NAVEGABILIDADE NOS RIOS DO BRASIL: TRANSPORTE DE PESSOAS É UTILIZADO POR 12 MILHÕES


PASSAGEIROS À DERIVA NOS RIOS DO BRASIL


Em que pese uma significativa parcela da população ter saído da miséria, nos últimos anos, segue ainda apropriado o termo cunhado há décadas para o Brasil: “BELÍNDIA”. Um país dividido em duas realidades diametralmente opostas. 

De um lado, seletos setores dominando um processo historicamente concentrador de riqueza, sejam públicos ou privados, com nível de desenvolvimento, renda e consumo similares à Bélgica. De outro, a imensa maioria da sociedade, com uma carga de impostos semelhante ao referido país, mas com serviços e padrão de vida equivalente aos da Índia.

Esse “estado de coisas” de nossa nação tupiniquim tem origem na alienação e dependência cultural, política, social, econômica e ambiental da própria sociedade. Nessa esteira, os meios de comunicação, com raras exceções, operam subservientes para a manutenção do “status quo”vigente. Entretanto, eventualmente, somos surpreendidos com matérias interessantes, como a do jornal O GLOBO, reproduzida integralmente abaixo.

Assim, abstendo-me das questões políticas que impulsionaram a referida reportagem, vale a saudação: “Viva à mídia, quando faz o relevante trabalho de expor as mazelas brasileiras na busca por soluções”.

Transporte fluvial, utilizado por 12 milhões de pessoas, é o único sem regulação no Brasil, por Liane Thedim.

Fonte: Agência O GLOBO. Crédito Marcia Foleto




















MANAUS E BELÉM — ‘Quando chego, é só amor, né?’. Assim Roberto Martins resume sua vida, a maior parte passada sobre o Rio Amazonas. O auxiliar de convés de 31 anos trabalha há quatro anos no barco Amazon Star, que faz o trajeto regular Manaus-Belém: 1.584 quilômetros em inacreditáveis cinco dias. Na volta, é ainda pior — seis dias, porque a correnteza joga contra, mais dois dias parado no porto. Ou seja, a cada 12 dias, Roberto passa três noites em casa, na capital paraense. 

No barco, já viu de tudo. Afinal, pelo menos 30 mil pessoas viajam por ano na embarcação, que tem capacidade para 750 passageiros. Mas, até hoje, o que mais o impressiona é a romaria de trabalhadores que vão tentar a vida na capital amazonense:
— A maioria vem do Maranhão. Vai “pra” Manaus, fica na rua, cai nas drogas e volta com a roupa do corpo. Consegue que alguém pague a passagem. Só de olhar a gente já sabe.

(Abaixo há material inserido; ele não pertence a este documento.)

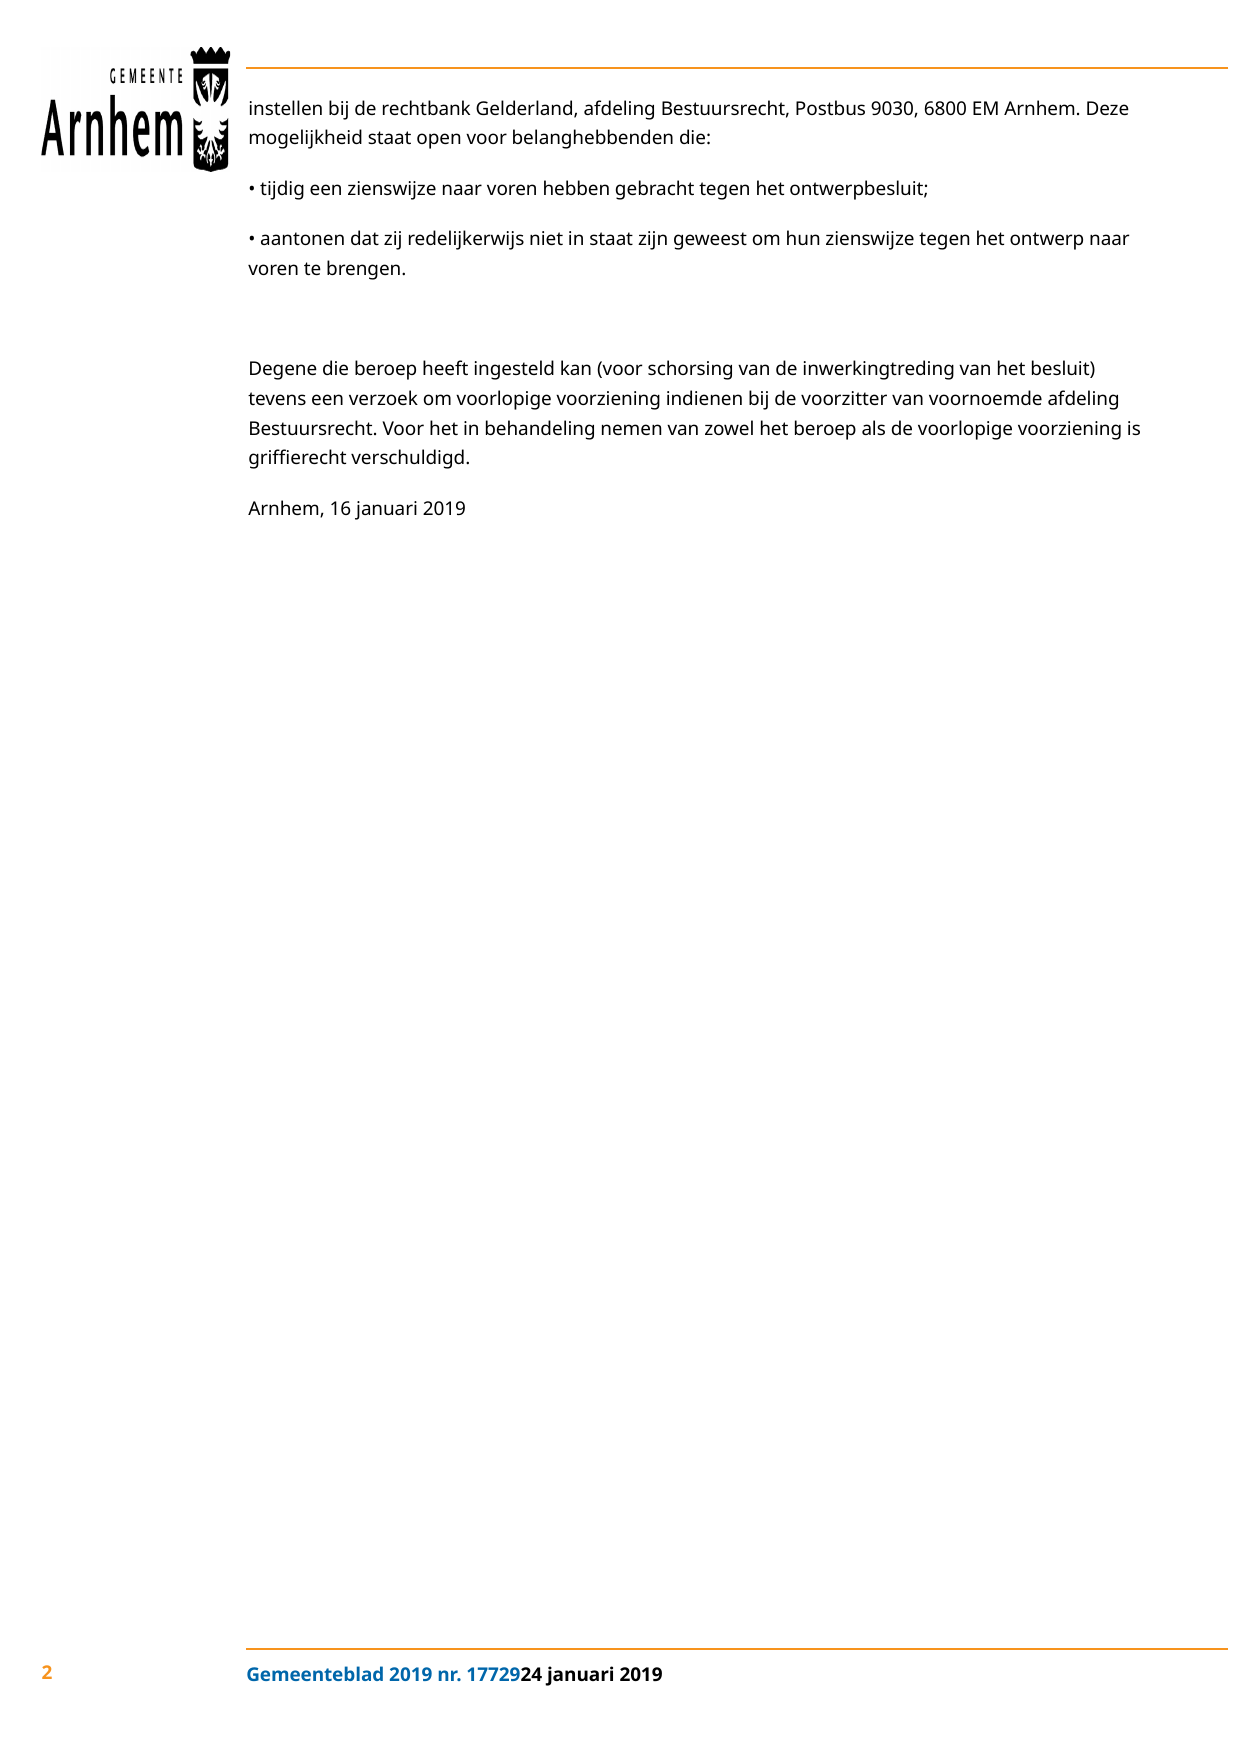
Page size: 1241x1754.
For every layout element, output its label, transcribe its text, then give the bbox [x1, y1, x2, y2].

Na Amazônia, os rios são as estradas. Segundo a Agência Nacional de Transportes Aquaviários (Antaq), eles serviram de caminho a 12 milhões de pessoas em 2011, em embarcações de 132 empresas, fora as milhares que trafegam à margem da fiscalização. No entanto, apesar do grande alcance, praticamente não há dados disponíveis sobre o modal, o que, para especialistas, é um retrato do descaso com que é visto pelo governo. 

Não há concessão de linhas, como acontece em ônibus, trem e avião. O governo apenas autoriza as empresas a operarem determinado trajeto e são elas próprias que decidem os locais de parada e com que regularidade vão operar. Não há, portanto, metas de atendimento ou controle de tarifas.
— É o único transporte público sem regulação no Brasil — diz Floriano Pires, professor de Engenharia Oceânica da Coppe/UFRJ.

A viagem do GLOBO no Amazon Star começou na quarta-feira, dia 16 de maio, com atraso: prevista para as 16h, a saída de Manaus aconteceu às 17h, com 145 passageiros a bordo, dos quais, 50 fariam o trajeto ponta a ponta. No total, ao longo das paradas, 500 pessoas passaram pelo barco. Entre os passageiros, muitos iam visitar parentes ou voltavam para casa e optaram pelo barco por ser mais barato. 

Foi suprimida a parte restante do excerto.